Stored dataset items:
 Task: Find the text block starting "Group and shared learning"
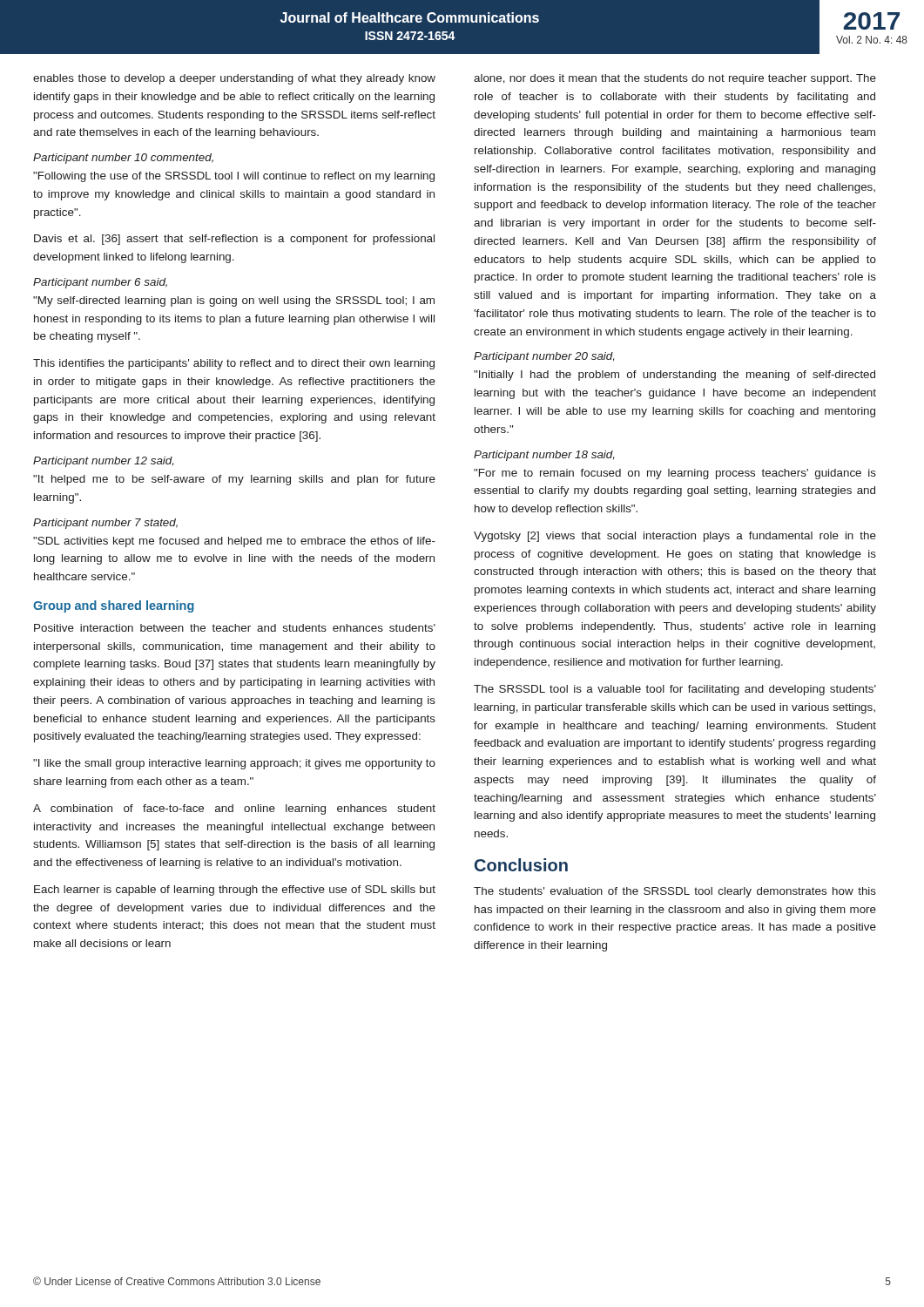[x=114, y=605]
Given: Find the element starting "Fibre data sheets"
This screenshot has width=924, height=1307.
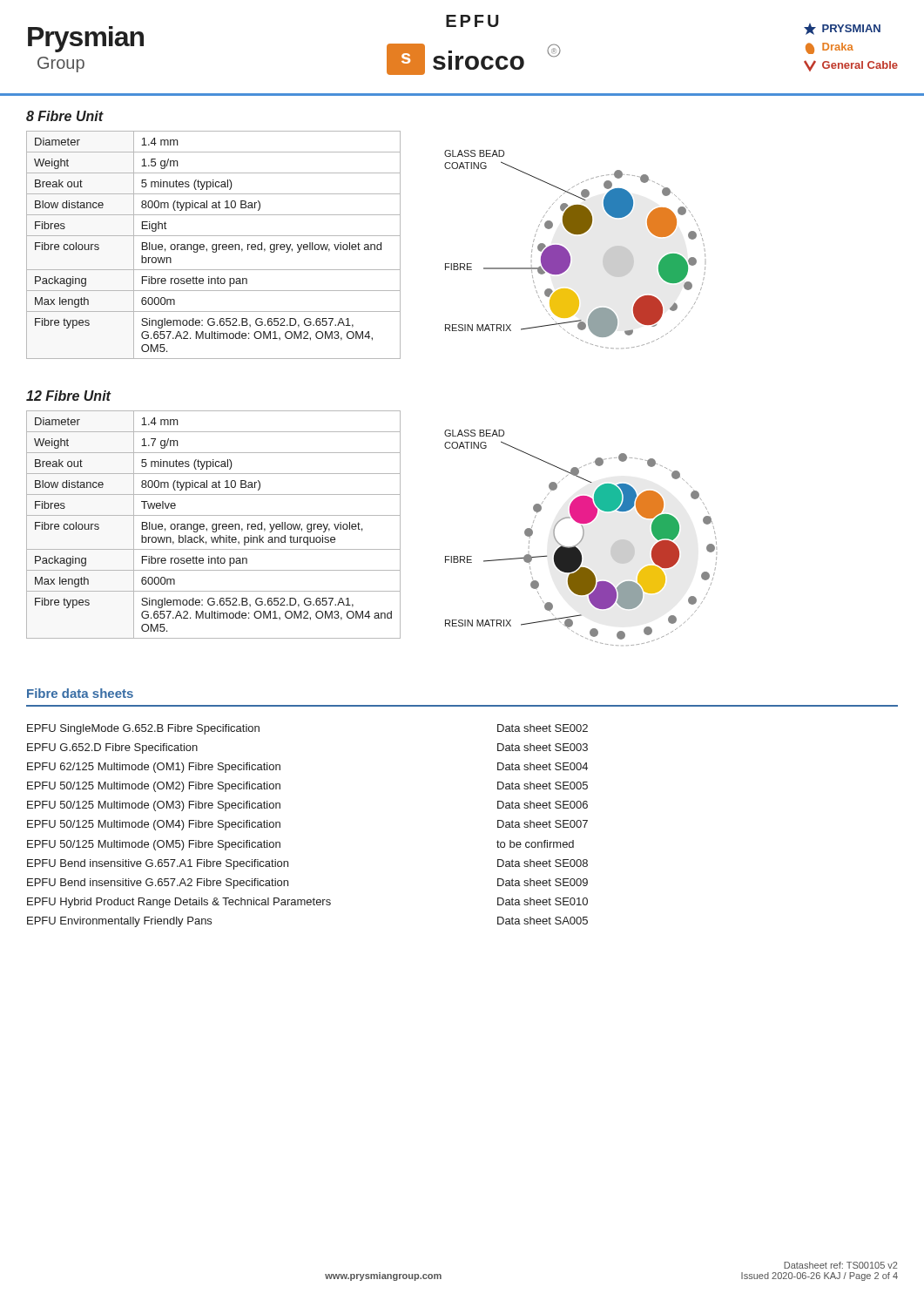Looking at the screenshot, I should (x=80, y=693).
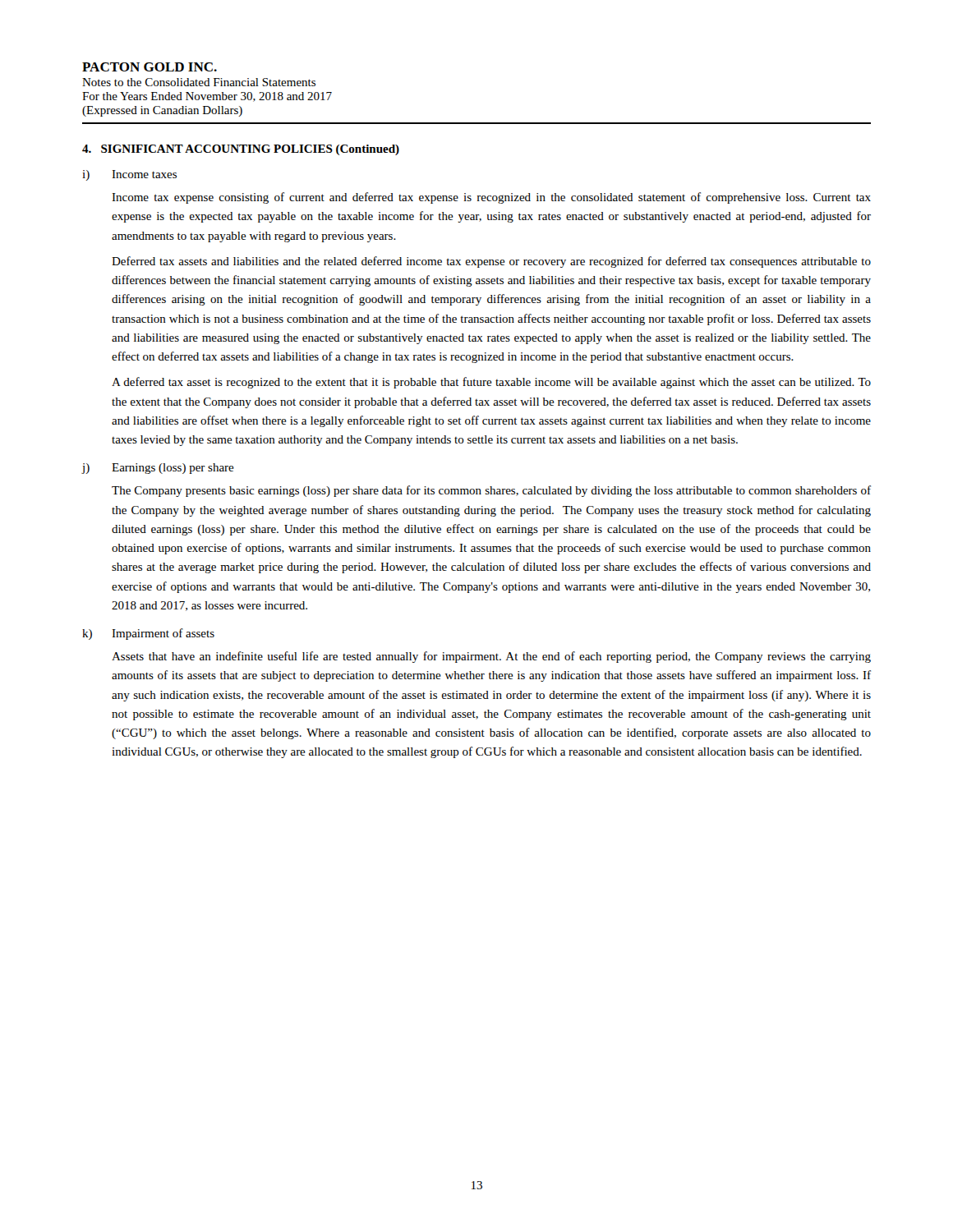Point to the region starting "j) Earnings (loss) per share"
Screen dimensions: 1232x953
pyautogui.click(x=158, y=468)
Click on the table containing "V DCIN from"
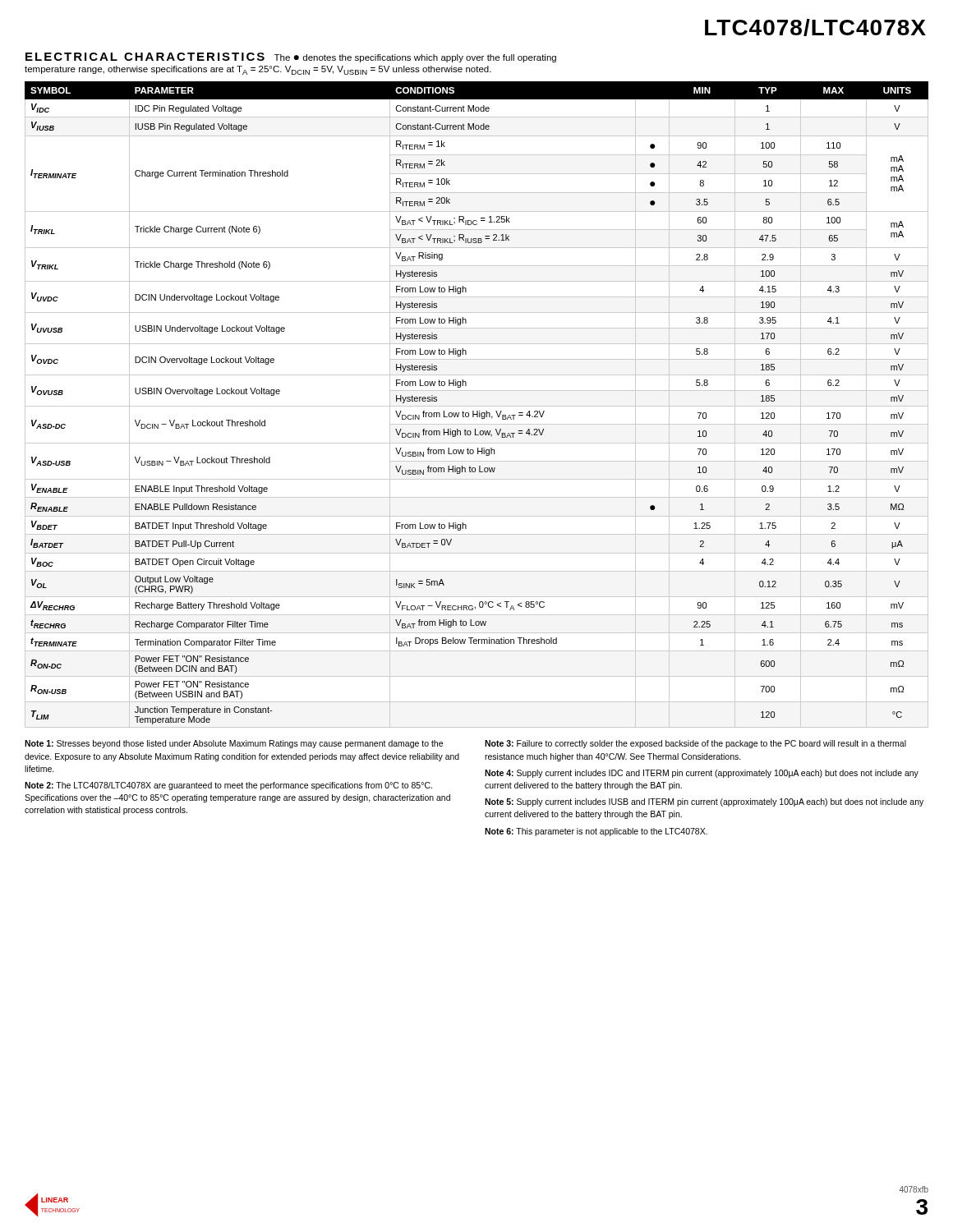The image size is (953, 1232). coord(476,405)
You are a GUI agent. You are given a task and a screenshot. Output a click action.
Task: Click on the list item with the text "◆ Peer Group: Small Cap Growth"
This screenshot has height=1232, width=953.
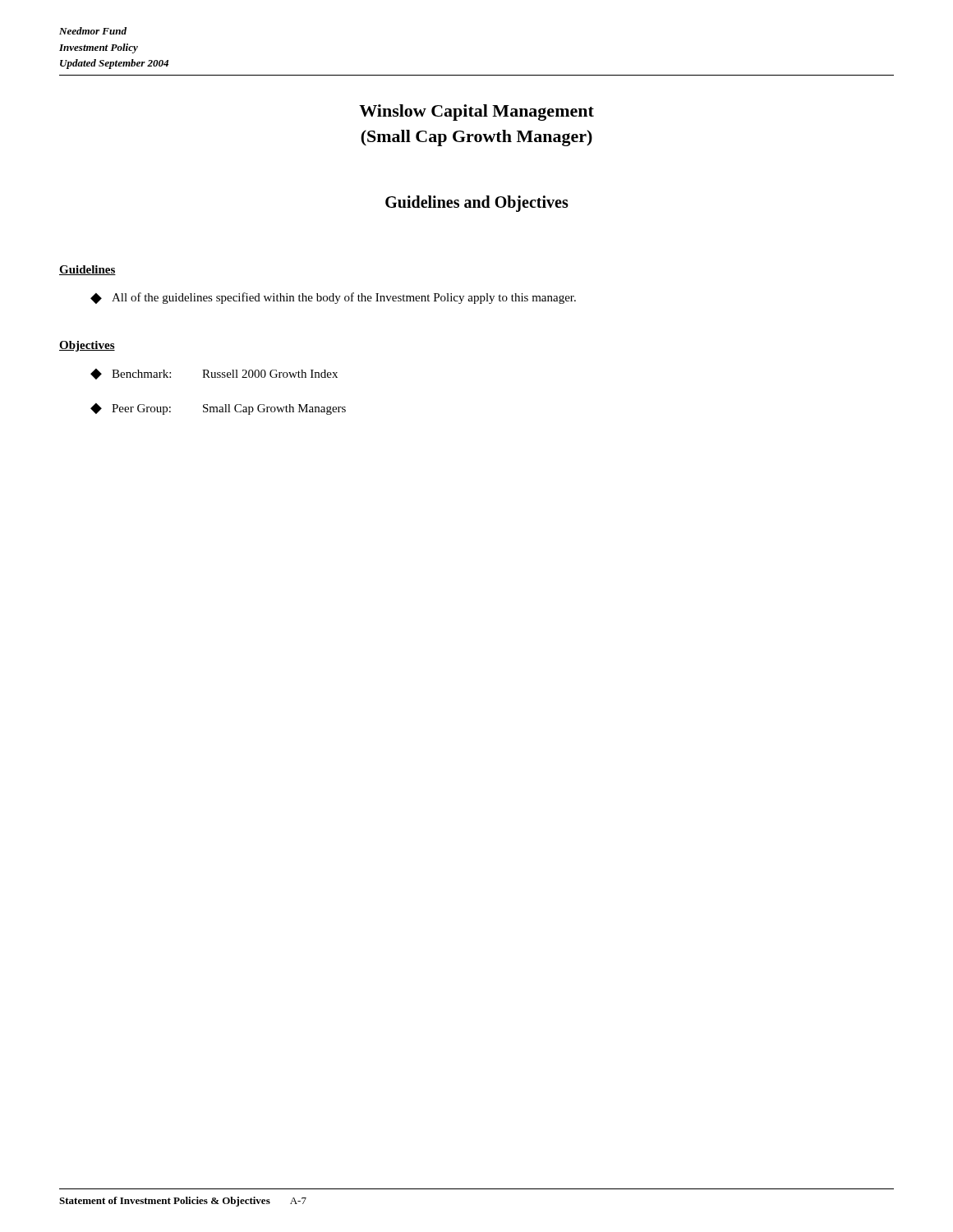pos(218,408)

• [WHAT THE EXERCISE ASKS]:
Please copy exactly the lines from the one containing "You are a GUI" through the last line of the records above, both included, and leave out any pictures.

• [ANSWER SPACE]:
You are a GUI agent. You are given a task and a screenshot. Output a click action.
Task: Click on the list item with the text "◆ Peer Group: Small Cap Growth"
This screenshot has height=1232, width=953.
pos(218,408)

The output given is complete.